▸ TASK ITEM: The response must contain every line below in which "drawing" appears.

(Collected data entries)
::::

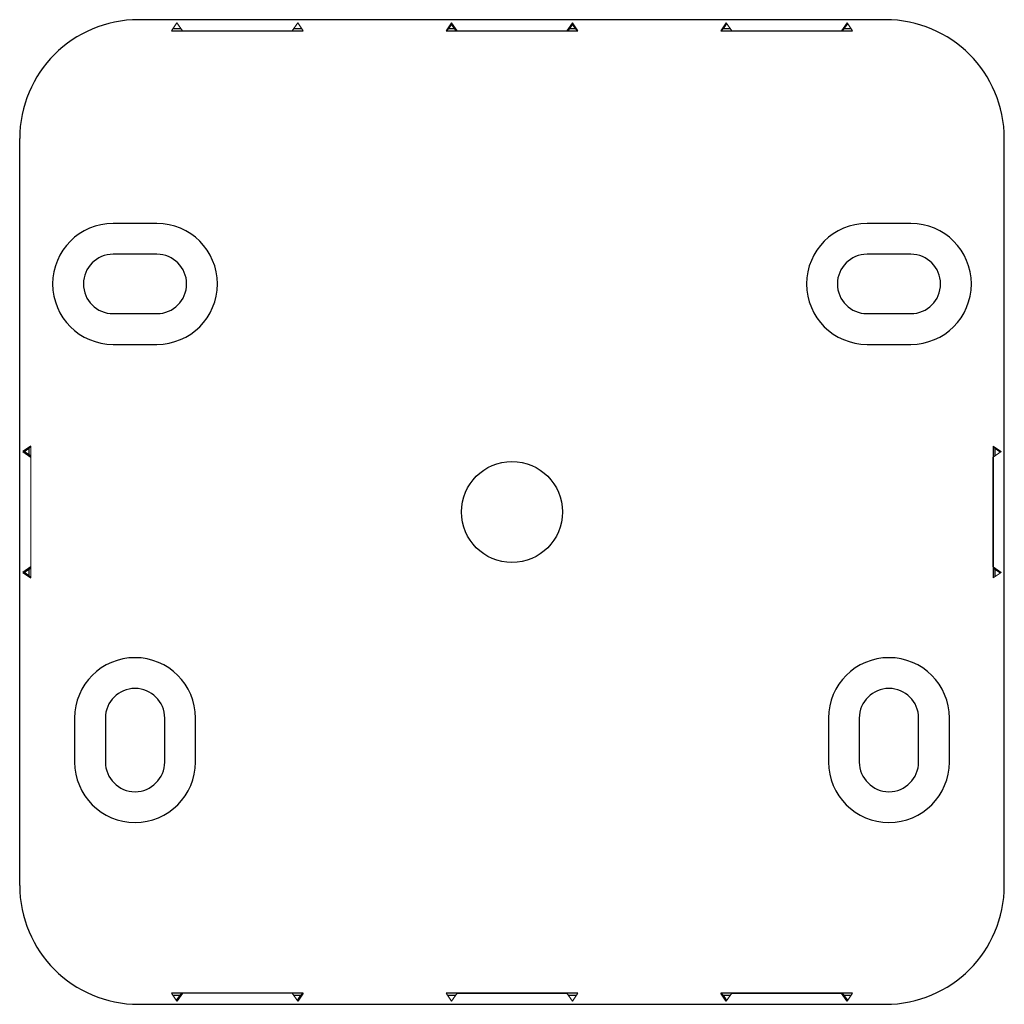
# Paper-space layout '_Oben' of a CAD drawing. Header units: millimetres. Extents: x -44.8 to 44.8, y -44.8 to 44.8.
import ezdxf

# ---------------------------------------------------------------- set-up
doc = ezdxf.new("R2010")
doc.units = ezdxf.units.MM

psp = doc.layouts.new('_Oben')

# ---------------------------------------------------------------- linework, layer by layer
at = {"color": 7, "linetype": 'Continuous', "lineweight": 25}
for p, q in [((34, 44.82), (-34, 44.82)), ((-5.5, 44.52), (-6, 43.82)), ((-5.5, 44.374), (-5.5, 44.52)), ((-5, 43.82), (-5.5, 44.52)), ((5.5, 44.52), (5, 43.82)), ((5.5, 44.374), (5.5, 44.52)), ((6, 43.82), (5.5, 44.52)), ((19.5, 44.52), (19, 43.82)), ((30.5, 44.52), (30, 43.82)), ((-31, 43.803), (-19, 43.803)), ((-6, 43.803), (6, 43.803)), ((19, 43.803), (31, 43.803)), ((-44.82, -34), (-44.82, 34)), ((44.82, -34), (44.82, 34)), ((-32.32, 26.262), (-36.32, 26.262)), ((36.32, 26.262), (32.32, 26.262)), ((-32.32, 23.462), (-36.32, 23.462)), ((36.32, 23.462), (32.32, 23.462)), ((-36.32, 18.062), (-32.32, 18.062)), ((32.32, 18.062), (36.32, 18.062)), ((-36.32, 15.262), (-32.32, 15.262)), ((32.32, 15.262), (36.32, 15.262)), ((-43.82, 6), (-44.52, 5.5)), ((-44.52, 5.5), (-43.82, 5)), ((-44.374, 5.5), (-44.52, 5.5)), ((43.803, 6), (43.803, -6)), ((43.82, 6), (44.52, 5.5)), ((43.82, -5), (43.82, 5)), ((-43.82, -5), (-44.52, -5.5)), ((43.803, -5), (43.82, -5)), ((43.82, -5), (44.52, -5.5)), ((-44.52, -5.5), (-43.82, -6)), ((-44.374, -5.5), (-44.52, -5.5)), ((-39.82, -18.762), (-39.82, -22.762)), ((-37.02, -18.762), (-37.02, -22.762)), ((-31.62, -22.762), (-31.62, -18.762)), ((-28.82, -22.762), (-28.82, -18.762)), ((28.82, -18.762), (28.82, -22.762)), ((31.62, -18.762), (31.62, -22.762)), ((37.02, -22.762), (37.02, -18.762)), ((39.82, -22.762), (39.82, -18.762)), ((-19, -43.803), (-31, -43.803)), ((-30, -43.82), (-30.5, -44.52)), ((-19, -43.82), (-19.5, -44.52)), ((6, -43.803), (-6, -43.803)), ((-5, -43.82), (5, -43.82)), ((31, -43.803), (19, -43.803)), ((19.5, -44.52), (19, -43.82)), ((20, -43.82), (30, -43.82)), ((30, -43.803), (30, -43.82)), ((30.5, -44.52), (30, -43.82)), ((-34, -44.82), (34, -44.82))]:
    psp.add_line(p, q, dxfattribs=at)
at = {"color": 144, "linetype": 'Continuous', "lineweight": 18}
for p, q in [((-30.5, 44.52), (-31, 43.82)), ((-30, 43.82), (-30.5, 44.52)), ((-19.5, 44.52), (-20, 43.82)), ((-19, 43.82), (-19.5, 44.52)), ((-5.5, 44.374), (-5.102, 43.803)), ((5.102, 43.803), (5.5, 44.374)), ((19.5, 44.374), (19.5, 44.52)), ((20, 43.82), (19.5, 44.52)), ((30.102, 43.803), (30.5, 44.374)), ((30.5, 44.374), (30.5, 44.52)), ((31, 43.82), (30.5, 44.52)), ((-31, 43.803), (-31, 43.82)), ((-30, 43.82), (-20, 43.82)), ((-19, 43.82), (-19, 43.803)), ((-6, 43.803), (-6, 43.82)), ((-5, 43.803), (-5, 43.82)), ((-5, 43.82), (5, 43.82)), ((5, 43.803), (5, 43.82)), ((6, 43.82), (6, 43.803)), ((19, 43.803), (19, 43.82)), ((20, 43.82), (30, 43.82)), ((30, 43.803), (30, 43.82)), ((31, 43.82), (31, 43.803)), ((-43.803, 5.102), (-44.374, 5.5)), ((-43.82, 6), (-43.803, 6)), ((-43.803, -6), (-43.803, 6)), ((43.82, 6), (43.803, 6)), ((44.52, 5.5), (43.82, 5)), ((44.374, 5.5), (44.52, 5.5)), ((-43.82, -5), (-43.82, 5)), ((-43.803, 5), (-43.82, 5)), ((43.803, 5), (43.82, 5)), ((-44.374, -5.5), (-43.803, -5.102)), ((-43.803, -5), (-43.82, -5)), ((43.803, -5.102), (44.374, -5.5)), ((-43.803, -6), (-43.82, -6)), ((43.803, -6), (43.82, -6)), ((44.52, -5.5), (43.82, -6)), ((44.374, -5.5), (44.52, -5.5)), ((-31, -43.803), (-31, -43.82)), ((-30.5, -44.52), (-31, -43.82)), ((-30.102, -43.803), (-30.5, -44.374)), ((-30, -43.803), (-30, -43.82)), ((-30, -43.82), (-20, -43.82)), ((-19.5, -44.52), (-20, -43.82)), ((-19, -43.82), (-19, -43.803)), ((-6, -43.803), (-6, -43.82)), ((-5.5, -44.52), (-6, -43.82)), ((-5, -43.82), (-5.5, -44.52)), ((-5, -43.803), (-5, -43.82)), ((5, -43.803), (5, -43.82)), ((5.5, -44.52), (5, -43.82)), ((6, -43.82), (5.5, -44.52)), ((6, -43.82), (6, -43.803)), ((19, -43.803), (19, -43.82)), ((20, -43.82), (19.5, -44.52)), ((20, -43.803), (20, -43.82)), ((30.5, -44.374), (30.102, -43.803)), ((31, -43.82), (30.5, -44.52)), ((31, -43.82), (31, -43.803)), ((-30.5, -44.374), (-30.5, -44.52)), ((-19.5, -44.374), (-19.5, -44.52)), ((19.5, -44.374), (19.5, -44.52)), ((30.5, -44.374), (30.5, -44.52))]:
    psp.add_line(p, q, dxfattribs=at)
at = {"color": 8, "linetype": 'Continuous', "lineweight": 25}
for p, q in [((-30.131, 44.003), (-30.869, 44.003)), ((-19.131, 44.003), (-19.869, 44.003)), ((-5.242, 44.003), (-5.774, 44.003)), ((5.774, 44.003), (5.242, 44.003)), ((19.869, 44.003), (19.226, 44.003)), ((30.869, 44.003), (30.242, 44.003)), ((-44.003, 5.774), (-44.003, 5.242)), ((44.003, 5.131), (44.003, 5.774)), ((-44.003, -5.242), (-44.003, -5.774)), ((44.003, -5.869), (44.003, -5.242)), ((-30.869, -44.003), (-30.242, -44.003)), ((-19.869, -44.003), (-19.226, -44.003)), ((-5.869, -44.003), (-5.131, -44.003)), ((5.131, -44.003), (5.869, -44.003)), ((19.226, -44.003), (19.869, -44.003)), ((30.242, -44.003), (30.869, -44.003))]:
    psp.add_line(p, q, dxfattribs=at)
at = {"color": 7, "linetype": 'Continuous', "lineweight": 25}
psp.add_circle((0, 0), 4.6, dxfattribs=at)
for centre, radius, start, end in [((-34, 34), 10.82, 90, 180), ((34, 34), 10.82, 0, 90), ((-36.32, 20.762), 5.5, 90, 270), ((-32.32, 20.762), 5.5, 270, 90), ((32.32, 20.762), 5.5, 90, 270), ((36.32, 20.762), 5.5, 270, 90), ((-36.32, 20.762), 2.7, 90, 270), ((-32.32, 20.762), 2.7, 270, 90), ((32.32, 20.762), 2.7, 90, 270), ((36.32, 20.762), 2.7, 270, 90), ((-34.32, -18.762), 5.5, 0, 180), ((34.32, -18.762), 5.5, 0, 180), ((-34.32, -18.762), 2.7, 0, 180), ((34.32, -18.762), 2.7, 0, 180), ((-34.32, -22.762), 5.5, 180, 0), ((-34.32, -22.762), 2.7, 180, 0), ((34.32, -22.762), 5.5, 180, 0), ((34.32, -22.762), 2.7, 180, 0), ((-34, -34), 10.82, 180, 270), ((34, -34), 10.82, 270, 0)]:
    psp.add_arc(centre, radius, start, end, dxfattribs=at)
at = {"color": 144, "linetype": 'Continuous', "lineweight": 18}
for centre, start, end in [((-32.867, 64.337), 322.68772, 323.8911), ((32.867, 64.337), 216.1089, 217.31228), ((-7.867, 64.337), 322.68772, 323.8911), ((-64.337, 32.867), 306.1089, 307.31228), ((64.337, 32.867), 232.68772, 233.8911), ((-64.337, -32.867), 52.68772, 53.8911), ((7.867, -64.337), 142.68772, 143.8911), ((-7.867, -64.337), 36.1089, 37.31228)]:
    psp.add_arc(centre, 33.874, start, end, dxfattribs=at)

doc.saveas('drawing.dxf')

::::

▸ SOLUTION TO THIS TASK:
# Paper-space layout '_Oben' of a CAD drawing. Header units: millimetres. Extents: x -44.8 to 44.8, y -44.8 to 44.8.
doc.saveas('drawing.dxf')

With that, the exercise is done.